If I try to do the same thing but bypassing the inbound TCP connection on port 443 by going through the HAProxy tcp reverse proxy in AWS, I seem to be able to renew certificates for my existing subdomains, but I can’t expand the cert to include a new subdomain. For example, I just ran the following to try to add the pwm and www.pwm subdomains:

 ./letsencrypt-auto certonly --standalone \
> -d sequentialread.com \
> -d git.sequentialread.com \
> -d comments.sequentialread.com \
> -d pwm.sequentialread.com \
> -d www.sequentialread.com \
> -d www.git.sequentialread.com \
> -d www.comments.sequentialread.com \
> -d www.pwm.sequentialread.com
Failed authorization procedure. pwm.sequentialread.com (tls-sni-01): urn:acme:error:connection :: The server could not connect to the client to verify the domain :: Failed to connect to 50.112.13.159:443 for TLS-SNI-01 challenge, www.pwm.sequentialread.com (tls-sni-01): urn:acme:error:connection :: The server could not connect to the client to verify the domain
:: Failed to connect to 50.112.13.159:443 for TLS-SNI-01 challenge

IMPORTANT NOTES:
 - The following errors were reported by the server:

   Domain: pwm.sequentialread.com
   Type:   connection
   Detail: Failed to connect to 50.112.13.159:443 for TLS-SNI-01
   challenge

   Domain: www.pwm.sequentialread.com
   Type:   connection
   Detail: Failed to connect to 50.112.13.159:443 for TLS-SNI-01
   challenge

   To fix these errors, please make sure that your domain name was
   entered correctly and the DNS A record(s) for that domain
   contain(s) the right IP address.
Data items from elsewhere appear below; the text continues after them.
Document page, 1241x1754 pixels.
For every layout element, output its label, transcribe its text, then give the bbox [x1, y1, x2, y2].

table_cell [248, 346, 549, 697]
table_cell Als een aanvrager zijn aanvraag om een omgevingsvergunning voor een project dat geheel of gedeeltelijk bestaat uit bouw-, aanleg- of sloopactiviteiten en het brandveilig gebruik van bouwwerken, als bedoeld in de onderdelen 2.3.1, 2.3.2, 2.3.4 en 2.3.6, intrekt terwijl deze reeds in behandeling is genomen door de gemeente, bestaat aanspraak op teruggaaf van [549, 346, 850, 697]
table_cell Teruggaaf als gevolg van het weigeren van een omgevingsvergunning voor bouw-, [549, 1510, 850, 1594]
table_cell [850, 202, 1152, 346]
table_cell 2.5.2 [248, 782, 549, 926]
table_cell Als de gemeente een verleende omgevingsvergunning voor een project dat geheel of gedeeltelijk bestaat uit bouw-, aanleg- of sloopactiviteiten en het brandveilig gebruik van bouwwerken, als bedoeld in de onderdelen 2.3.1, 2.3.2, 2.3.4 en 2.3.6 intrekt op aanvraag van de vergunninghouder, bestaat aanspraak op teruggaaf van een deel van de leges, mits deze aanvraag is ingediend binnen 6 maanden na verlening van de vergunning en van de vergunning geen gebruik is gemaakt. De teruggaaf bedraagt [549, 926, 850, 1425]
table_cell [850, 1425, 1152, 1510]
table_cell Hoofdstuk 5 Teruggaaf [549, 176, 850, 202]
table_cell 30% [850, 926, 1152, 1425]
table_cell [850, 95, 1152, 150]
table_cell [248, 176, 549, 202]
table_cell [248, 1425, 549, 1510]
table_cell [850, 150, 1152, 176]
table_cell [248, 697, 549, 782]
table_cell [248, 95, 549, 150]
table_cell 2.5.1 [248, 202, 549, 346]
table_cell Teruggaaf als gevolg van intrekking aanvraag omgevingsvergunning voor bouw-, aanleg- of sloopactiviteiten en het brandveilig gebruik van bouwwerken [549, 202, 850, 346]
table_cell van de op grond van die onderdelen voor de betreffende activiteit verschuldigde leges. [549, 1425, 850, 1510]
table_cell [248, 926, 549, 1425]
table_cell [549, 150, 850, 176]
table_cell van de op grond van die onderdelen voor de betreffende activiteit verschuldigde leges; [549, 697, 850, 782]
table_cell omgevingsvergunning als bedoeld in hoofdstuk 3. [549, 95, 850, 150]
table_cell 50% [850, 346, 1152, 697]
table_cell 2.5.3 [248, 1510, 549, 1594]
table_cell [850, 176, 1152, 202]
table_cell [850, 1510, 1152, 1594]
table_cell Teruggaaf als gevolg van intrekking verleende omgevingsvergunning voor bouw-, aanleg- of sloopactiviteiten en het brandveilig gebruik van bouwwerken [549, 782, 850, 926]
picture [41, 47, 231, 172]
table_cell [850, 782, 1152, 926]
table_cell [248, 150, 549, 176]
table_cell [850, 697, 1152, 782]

Additionally, please check that
   your computer has a publicly routable IP address and that no
   firewalls are preventing the server from communicating with the
   client. If you're using the webroot plugin, you should also verify
   that you are serving files from the webroot path you provided.

Where 50.112.13.159 is the IP address of the cloud instance.
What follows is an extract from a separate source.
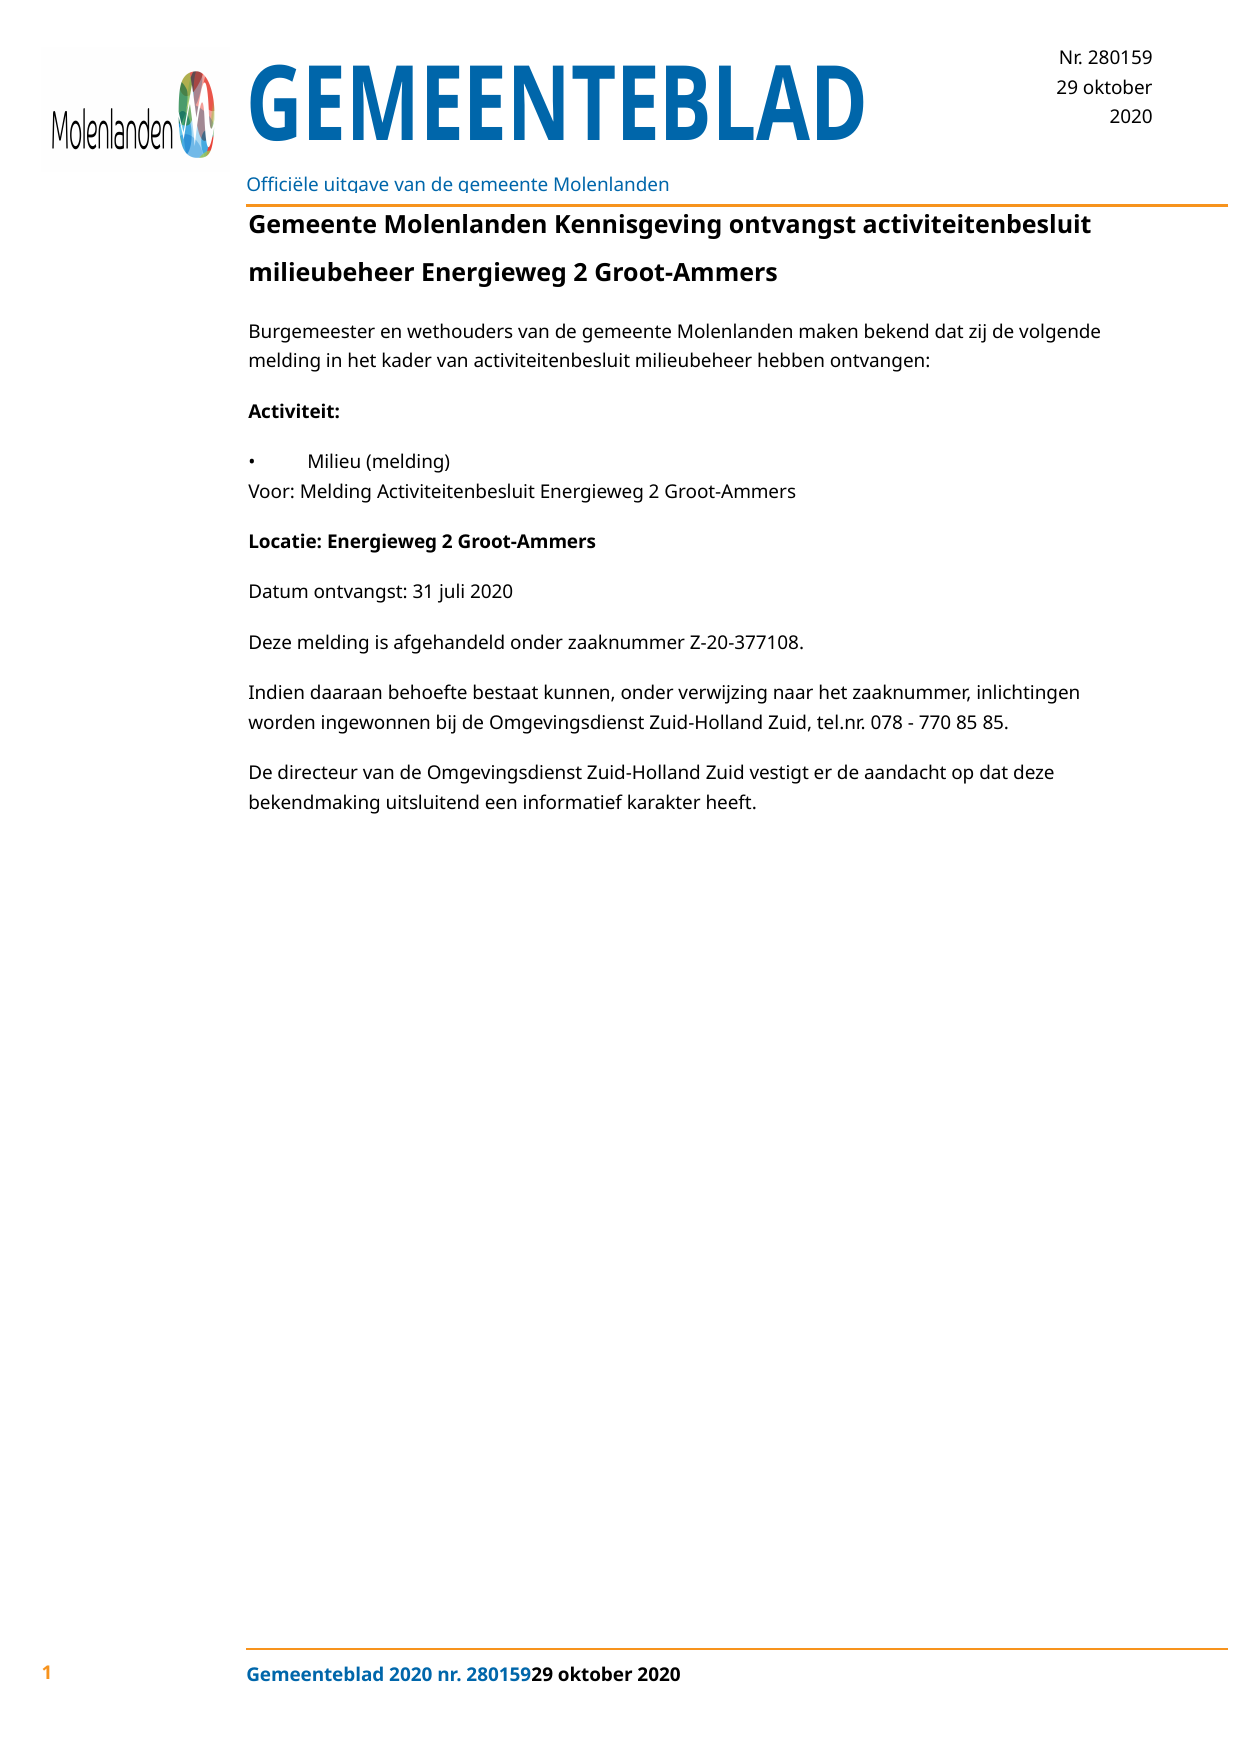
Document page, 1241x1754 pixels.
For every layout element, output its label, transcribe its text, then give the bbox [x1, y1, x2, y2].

I’m wondering if maybe there are some hijinks related to the SNI part of TLS? I’m not sure but I believe that the HAProxy should be blindly proxying the tcp connection. This is my HAProxy config file if that helps:

#---------------------------------------------------------------------
# Global settings
#---------------------------------------------------------------------
global
    chroot      /var/lib/haproxy
    pidfile     /var/run/haproxy.pid
    maxconn     4000
    user        haproxy
    group       haproxy
    daemon

    # turn on stats unix socket
    stats socket /var/lib/haproxy/stats

#---------------------------------------------------------------------
# common defaults that all the 'listen' and 'backend' sections will
# use if not designated in their block
#---------------------------------------------------------------------
defaults
    mode                    tcp
    option                  dontlognull
    retries                 3
    timeout queue           1m
    timeout connect         10s
    timeout client          1m
    timeout server          1m
    timeout check           10s
    maxconn                 3000

frontend  main *:443
    default_backend recycle_computer

backend recycle_computer
    balance     roundrobin
    server      recycle_computer 10.213.179.6:443 check

I’m stumped because there is nothing on the AWS HAProxy instance that relates to subdomain, but renewing the existing subdomains works, but adding the new ones doesnt :sweat:

my domain name: https://sequentialread.com/
certbot-auto version 0.9.3
operating system version:

uname -a
Linux sequentialread 3.16.0-4-amd64 #1 SMP Debian 3.16.7-ckt11-1+deb8u6 (2015-11-09) x86_64 GNU/Linux
2

Authorizations are valid for multiple days – maybe renewing only works because the authorization is still valid?
You could confirm that by using a different account – if issuing a cert for the same set of domains fails with a new account, you were using old authorizations.

1 Like
3

This topic was automatically closed 30 days after the last reply. New replies are no longer allowed.